Phase I

[ Overview - Phase I - Phase II - Phase III ]

Phase I of your project will read a set of documents, parse them into documents and terms, and produce an inverted index and associated data structures which will be stored on disk and used in Phase II.

This phase will have two major components: the lexical analyzer and the inverter. For the lexer, you might choose to use code you wrote for Homework 1. You will need to make explicit what assumptions you make about the structure and words in the documents. You might choose to have your lexer configurable at run-time; the configuration file would then specify how to segment terms, what tag indicates the start of a new document, how to treat numbers, etc.

For the part of your program produces the inverted file, you will want to think carefully through your choice of data structures and algorithms. Use the material from the textbooks and readings distributed in lecture for this. You may choose to use the common libraries available on the UNIX systems; if you do, make sure you say so in your documentation!

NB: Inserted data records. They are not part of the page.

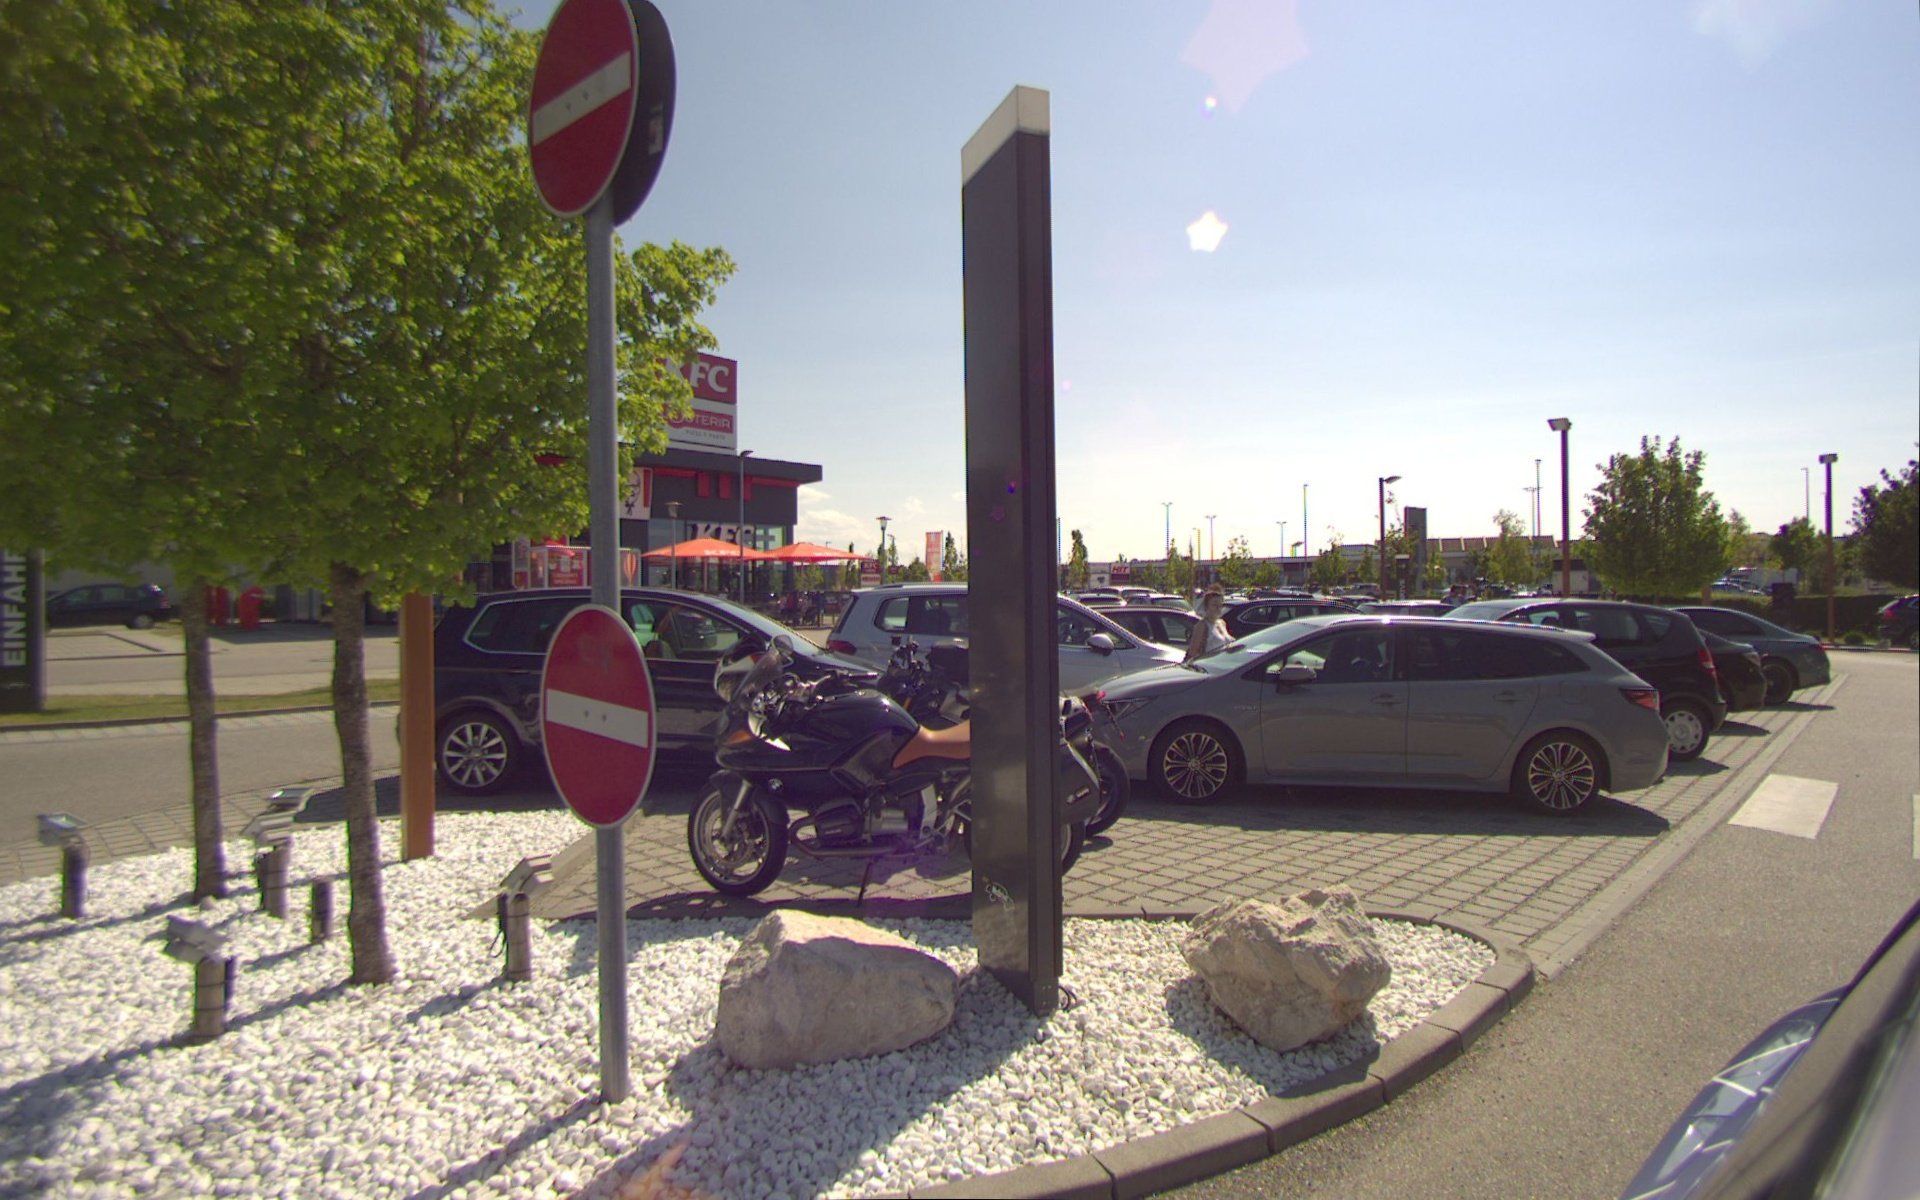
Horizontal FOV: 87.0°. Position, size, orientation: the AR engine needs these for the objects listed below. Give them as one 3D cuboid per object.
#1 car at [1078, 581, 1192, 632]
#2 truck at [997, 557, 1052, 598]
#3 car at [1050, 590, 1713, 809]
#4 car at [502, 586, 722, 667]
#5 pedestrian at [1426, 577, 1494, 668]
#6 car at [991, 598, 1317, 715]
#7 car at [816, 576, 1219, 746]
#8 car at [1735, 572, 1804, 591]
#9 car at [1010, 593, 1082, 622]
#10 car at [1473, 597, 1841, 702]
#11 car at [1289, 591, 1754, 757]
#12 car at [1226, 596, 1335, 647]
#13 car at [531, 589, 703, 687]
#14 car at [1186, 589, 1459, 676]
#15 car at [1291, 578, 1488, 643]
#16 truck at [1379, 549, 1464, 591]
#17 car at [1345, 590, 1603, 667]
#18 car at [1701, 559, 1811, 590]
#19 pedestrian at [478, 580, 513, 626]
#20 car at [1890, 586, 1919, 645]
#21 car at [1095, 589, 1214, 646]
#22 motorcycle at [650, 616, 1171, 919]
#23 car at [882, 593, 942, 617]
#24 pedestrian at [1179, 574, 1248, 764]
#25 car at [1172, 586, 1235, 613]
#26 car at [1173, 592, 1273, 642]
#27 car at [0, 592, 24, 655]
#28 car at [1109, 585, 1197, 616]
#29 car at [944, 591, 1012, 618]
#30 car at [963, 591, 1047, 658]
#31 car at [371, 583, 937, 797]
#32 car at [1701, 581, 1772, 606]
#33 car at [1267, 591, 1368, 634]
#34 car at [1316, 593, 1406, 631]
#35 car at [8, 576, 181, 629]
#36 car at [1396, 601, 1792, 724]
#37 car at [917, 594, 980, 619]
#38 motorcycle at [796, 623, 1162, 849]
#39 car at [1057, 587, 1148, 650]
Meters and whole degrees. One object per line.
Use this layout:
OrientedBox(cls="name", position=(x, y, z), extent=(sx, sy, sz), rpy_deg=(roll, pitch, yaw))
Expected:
OrientedBox(cls="car", position=(6.504, 0.209, 37.330), extent=(4.296, 1.772, 2.067), rpy_deg=(-1, 1, -45))
OrientedBox(cls="truck", position=(6.411, -2.215, 102.234), extent=(3.143, 3.915, 9.148), rpy_deg=(0, 1, -12))
OrientedBox(cls="car", position=(3.111, 0.707, 8.238), extent=(4.576, 1.465, 1.835), rpy_deg=(1, 0, 2))
OrientedBox(cls="car", position=(-7.191, 0.525, 21.167), extent=(4.010, 1.596, 1.757), rpy_deg=(0, 0, 1))
OrientedBox(cls="pedestrian", position=(11.052, 0.478, 22.380), extent=(0.885, 1.940, 1.029), rpy_deg=(0, 0, -33))
OrientedBox(cls="car", position=(2.471, 0.713, 13.635), extent=(4.004, 1.426, 1.794), rpy_deg=(0, 0, -1))
OrientedBox(cls="car", position=(0.557, 0.594, 10.895), extent=(3.989, 1.660, 1.748), rpy_deg=(0, 0, 0))
OrientedBox(cls="car", position=(60.664, -1.357, 75.849), extent=(3.896, 1.359, 1.639), rpy_deg=(0, 1, 44))
OrientedBox(cls="car", position=(4.638, 0.360, 54.346), extent=(3.687, 1.472, 1.686), rpy_deg=(-1, 0, -38))
OrientedBox(cls="car", position=(10.838, 0.740, 15.988), extent=(4.457, 1.530, 1.887), rpy_deg=(0, 0, 1))
OrientedBox(cls="car", position=(5.774, 0.720, 10.809), extent=(3.926, 1.613, 1.811), rpy_deg=(0, 0, 2))
OrientedBox(cls="car", position=(10.742, 0.663, 34.237), extent=(1.769, 1.576, 4.062), rpy_deg=(0, 1, -11))
OrientedBox(cls="car", position=(-5.630, 0.534, 17.136), extent=(1.807, 1.443, 4.190), rpy_deg=(0, 1, -5))
OrientedBox(cls="car", position=(6.615, 0.563, 18.848), extent=(4.334, 1.530, 1.983), rpy_deg=(0, 0, 1))
OrientedBox(cls="car", position=(9.931, 0.220, 23.613), extent=(3.831, 1.444, 1.706), rpy_deg=(0, 0, 2))
OrientedBox(cls="truck", position=(38.399, -2.467, 84.501), extent=(2.372, 3.393, 7.581), rpy_deg=(-1, 1, -12))
OrientedBox(cls="car", position=(10.585, 0.556, 21.094), extent=(4.334, 1.530, 1.983), rpy_deg=(0, 0, 1))
OrientedBox(cls="car", position=(61.870, -1.920, 78.741), extent=(6.551, 2.272, 2.264), rpy_deg=(0, 1, 44))
OrientedBox(cls="pedestrian", position=(-15.197, 0.088, 33.135), extent=(0.769, 1.453, 0.788), rpy_deg=(0, 1, 42))
OrientedBox(cls="car", position=(28.876, 0.420, 27.671), extent=(5.047, 1.650, 1.895), rpy_deg=(0, 1, 43))
OrientedBox(cls="car", position=(5.533, 0.442, 29.392), extent=(1.742, 1.530, 4.361), rpy_deg=(0, 1, -14))
OrientedBox(cls="motorcycle", position=(-0.229, 0.737, 4.882), extent=(2.207, 1.267, 1.071), rpy_deg=(1, -1, -4))
OrientedBox(cls="car", position=(-3.176, 0.315, 67.279), extent=(3.687, 1.530, 1.686), rpy_deg=(-1, 0, -38))
OrientedBox(cls="pedestrian", position=(2.393, 0.627, 9.603), extent=(0.554, 1.734, 0.609), rpy_deg=(0, 0, 7))
OrientedBox(cls="car", position=(19.117, -0.091, 79.724), extent=(1.960, 2.039, 5.028), rpy_deg=(-1, 1, -28))
OrientedBox(cls="car", position=(8.075, 0.472, 31.477), extent=(1.679, 1.428, 4.685), rpy_deg=(0, 1, -3))
OrientedBox(cls="car", position=(-24.160, 0.564, 22.867), extent=(1.685, 1.459, 4.166), rpy_deg=(0, 1, 32))
OrientedBox(cls="car", position=(9.141, 0.011, 47.855), extent=(4.079, 1.416, 1.887), rpy_deg=(-1, 1, -38))
OrientedBox(cls="car", position=(1.063, 0.231, 58.768), extent=(3.687, 1.472, 1.686), rpy_deg=(-1, 0, -38))
OrientedBox(cls="car", position=(0.979, 0.504, 23.712), extent=(1.786, 1.420, 3.999), rpy_deg=(0, 1, 1))
OrientedBox(cls="car", position=(-2.252, 0.651, 8.341), extent=(4.110, 1.556, 1.896), rpy_deg=(0, 0, -1))
OrientedBox(cls="car", position=(56.133, -0.445, 73.158), extent=(3.982, 1.749, 1.867), rpy_deg=(0, 0, 41))
OrientedBox(cls="car", position=(12.873, 0.414, 36.723), extent=(1.761, 1.440, 4.092), rpy_deg=(0, 1, -8))
OrientedBox(cls="car", position=(15.702, 0.432, 39.839), extent=(1.876, 1.440, 3.777), rpy_deg=(0, 0, -2))
OrientedBox(cls="car", position=(-29.603, 0.053, 34.726), extent=(1.634, 1.706, 4.320), rpy_deg=(0, 1, 40))
OrientedBox(cls="car", position=(8.135, 0.768, 13.285), extent=(3.999, 1.467, 1.828), rpy_deg=(0, 0, 1))
OrientedBox(cls="car", position=(-0.690, 0.361, 62.534), extent=(3.687, 1.472, 1.686), rpy_deg=(-1, 0, -38))
OrientedBox(cls="motorcycle", position=(0.078, 0.781, 6.188), extent=(2.097, 1.247, 0.822), rpy_deg=(1, -1, -7))
OrientedBox(cls="car", position=(3.590, 0.420, 26.183), extent=(1.786, 1.508, 4.000), rpy_deg=(0, 1, 0))

Your program will need to save several data structures to disk. At the minimum, these will include the lexicon (the table of words occurring in the text, appropriate metadata, and pointers into the inverted file), the document list (a table indicating where to find the files on disk at retrieval time), and the inverted file itself. You do not need to store the documents locally unless you wish to.

Phase I resources

Here are some resources you might find useful in Phase I:

Stop Lists

These are some commonly-used stoplists. You may find that you want to edit them somewhat (for example, if you want the word 'C').

Stemmer

Martin Porter's web page contains implementations of the Porter Stemmer in a number of languages. Another implementation of the Porter stemmer comes from Andrew McCallum's Bag Of Words Library (1996), a toolkit for statistical language modeling, text retrieval, classification, and clustering.

Porter's Snowball Project has several stemmers in other languages. Snowball is a language for writing stemmers.

Milestones for Phase I (with target dates):

(9/27) Parse the files containing the documents into individual documents and words.
(10/4) Invert the collection in memory.
(10/11) Store the inverted file and associated data structures to disk.

Benchmarks for Phase I:

0. Which collection?

Which collection are you using for your project?

umbc-crawl-2
Reuters Corpus v1 (600MB subset)

A. Corpus statistics

Report the following collection statistics. If you compute these separately from your indexing process, make sure that both use the same document segmentation, term selection, etc.

How many unique words do you index from the collection?
How many documents are there in the collection? How many do you index?
How many postings (inverted file entries) do you create for this collection?
What are the lengths of the shortest and longest inverted lists? What is the average inverted list length? (State your answers in terms of number of document entries per posting.)

B. Invert collection

Index the collection, and report:

Wall-clock time to index the collection. You can use the Unix time(1) command to get this information, if you like.
How much memory is needed to index the collection. Account for all memory used.
How much total disk space is required for your index and related data structures? This total should include everything created in your indexing process that is needed later to answer queries (lexicon, inverted file, document location table). If you create temporary files, report the maximum disk space needed at any point in your indexing process.